I think this kind of direction is symptomatic of executive ignorance. It's an indication of executive ignorance of how technology works, and I can understand that. They (the government) are not supposed to have all the solutions to our problems. They don't have all the answers, all the alternatives -- which is why there's a need for public consultation.
Then again, is this the path of least resistance? Is this the most proportionate solution to this problem? What are the other alternatives the government has considered for both these rules? Have they got options? Have they put it up in public consultation saying, 'Here are 10 methods we're considering to resolve this issue. Tell us why one works and another doesn't'? It's not like that.
When seen alongside Digiyatra, Aadhaar-linked payments and facial recognition networks, doesn't Sanchar Saathi signal a pattern -- the State embedding itself deeper into citizens' digital lives without independent oversight?
Where does security infrastructure end and surveillance architecture start?
The problem we have right now is that the State is so drunk on its power to use executive authority to impose tools and services upon citizens.
With the Supreme Court not doing enough to protect citizens' rights by the looks of it -- look at the fact that the Supreme Court hasn't heard the Pegasus case for two years. In 2016, it took over 700 days before the Supreme Court constituted a nine-judge bench on a matter as critical as the fundamental right to privacy.
The State now takes barely any time to create rules. They're able to pass laws through Parliament without any debate, without proper consultation. They are drunk on their power. They feel whatever they do is the right approach. They see everything from an adversarial perspective, not a collaborative perspective.
They don't believe public consultation will help make things better or give them more ideas. Instead, they usually hold only industry consultations -- and sometimes not even those. Then they go ahead and make laws and regulations on their own.
To be honest, many in the industry are quite unaware of how these policies actually affect users. Their main concern is to ensure that the government doesn't target them. So, in the end, they simply go along with whatever the government wants.
The government is the source of data leakages itself, isn't it? The government itself is responsible for the frauds happening in this country because it has leaked more data than anyone else.
Rachna Khera's story in The Telegraph (newspaper) in 2017 showed people were selling Aadhaar database access for Rs 500.
Before that, a CIS report indicated personal details of more than 128 million Indians had been leaked by government departments who published names, mobile numbers, addresses, dates of birth, parents' names in Excel spreadsheets directly on government web sites.
The government is the source of our data leakages. That's what has caused the frauds. Now they expect us to go through all the inconvenience to solve their own mess.

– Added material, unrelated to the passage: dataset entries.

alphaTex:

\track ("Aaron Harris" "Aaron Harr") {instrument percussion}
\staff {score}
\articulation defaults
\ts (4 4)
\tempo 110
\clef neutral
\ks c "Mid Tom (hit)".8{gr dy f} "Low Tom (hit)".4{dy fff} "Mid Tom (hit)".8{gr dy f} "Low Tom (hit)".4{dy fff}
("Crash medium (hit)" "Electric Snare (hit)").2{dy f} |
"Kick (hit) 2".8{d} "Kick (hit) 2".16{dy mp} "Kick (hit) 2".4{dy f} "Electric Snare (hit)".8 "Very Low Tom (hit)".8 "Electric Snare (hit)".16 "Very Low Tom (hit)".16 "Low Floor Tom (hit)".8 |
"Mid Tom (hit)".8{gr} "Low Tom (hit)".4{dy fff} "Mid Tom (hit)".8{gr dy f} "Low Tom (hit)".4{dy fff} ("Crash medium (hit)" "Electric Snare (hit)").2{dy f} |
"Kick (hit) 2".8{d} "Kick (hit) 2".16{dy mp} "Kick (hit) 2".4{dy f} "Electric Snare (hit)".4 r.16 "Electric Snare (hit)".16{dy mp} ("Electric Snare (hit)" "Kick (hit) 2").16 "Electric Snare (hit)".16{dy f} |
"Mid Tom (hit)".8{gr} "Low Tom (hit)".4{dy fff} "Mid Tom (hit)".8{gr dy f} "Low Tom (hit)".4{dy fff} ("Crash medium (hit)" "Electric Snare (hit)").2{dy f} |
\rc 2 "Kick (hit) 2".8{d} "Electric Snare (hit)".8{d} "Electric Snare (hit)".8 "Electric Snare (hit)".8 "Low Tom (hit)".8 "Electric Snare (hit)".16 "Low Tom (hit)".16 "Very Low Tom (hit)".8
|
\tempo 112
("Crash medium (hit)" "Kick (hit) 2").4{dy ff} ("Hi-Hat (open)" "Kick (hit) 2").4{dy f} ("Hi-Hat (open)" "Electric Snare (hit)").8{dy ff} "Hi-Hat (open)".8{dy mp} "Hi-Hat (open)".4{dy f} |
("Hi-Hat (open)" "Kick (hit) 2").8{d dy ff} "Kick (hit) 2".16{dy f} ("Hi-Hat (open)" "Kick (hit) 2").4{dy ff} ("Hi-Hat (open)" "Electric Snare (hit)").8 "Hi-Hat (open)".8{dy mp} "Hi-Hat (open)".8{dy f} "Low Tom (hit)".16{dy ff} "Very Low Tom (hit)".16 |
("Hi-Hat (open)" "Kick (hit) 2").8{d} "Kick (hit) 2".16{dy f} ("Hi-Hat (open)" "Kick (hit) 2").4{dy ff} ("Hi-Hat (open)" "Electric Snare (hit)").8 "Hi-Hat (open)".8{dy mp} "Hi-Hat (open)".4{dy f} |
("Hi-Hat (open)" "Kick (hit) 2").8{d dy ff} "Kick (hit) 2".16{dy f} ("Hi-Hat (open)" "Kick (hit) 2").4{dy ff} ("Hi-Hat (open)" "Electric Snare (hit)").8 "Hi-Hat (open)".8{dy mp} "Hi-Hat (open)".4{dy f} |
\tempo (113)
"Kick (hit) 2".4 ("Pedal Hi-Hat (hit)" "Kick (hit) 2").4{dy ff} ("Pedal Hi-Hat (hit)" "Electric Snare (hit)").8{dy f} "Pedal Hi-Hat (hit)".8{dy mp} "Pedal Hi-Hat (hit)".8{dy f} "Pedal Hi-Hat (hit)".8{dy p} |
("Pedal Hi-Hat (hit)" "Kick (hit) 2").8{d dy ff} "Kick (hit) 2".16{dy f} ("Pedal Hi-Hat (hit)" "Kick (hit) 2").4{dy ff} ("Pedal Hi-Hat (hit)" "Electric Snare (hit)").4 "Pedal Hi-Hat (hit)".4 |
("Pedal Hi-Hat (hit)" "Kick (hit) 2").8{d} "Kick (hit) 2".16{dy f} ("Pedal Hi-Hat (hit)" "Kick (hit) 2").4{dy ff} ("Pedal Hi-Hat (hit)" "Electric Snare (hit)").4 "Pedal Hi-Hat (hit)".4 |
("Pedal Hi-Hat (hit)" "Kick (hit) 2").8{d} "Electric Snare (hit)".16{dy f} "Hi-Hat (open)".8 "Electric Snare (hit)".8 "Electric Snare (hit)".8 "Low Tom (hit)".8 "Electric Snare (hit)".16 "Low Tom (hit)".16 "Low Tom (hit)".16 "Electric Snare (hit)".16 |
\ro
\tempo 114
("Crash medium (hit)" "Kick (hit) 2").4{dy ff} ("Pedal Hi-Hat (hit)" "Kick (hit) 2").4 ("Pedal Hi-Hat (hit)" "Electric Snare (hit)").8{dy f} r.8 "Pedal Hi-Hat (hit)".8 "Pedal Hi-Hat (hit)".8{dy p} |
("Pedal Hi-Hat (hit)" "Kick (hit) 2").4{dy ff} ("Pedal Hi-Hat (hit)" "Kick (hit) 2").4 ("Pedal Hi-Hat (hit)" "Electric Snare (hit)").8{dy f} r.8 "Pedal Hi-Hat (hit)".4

Where are scams happening from? Some of them have moved out of the country. But for the longest time many were happening from villages in Madhya Pradesh, in Himachal, where thousands of people were employed in scams.

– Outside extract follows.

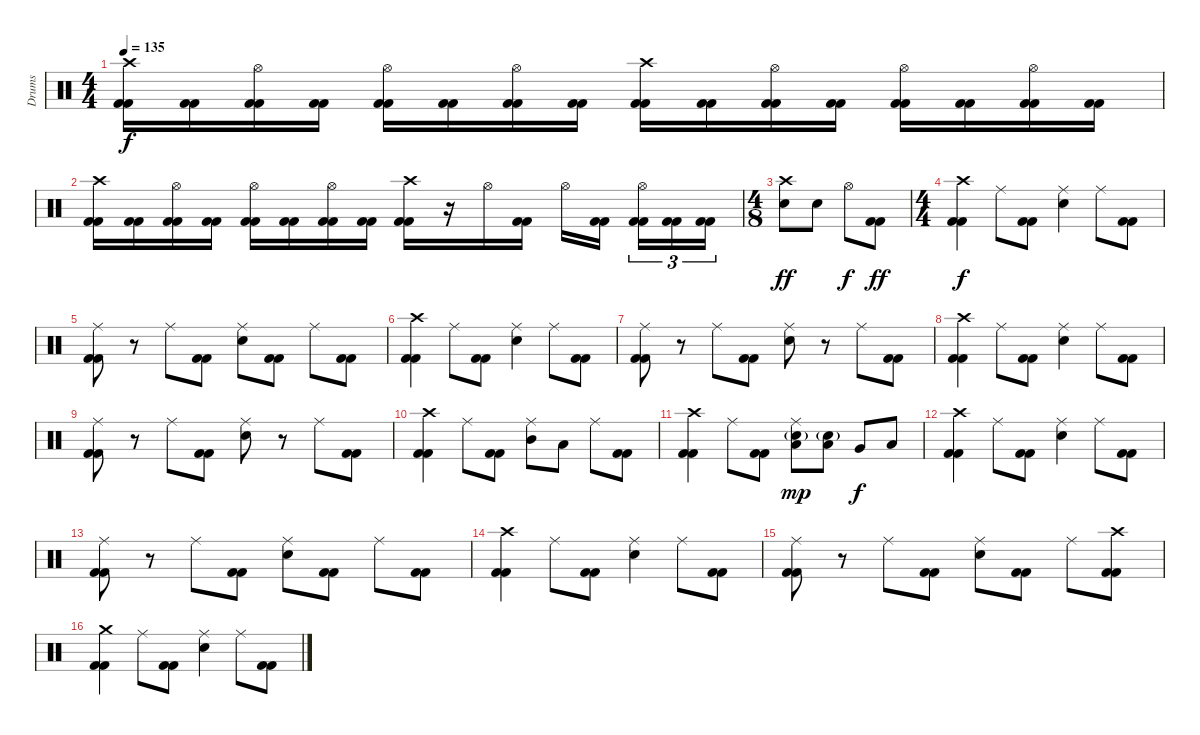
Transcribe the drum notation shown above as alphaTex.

How can such large operations run without even the local administration knowing? There's political patronage that makes this possible.
Instead of holding itself to account, the government is imposing more restrictions on us.
Would you install Sanchar Saathi if the government were to open-source it, allow independent audits, and legally guarantee it can't collect or transmit user data?
Personally, I still wouldn't. Sanchar Saathi has no utility for me, so I wouldn't do it.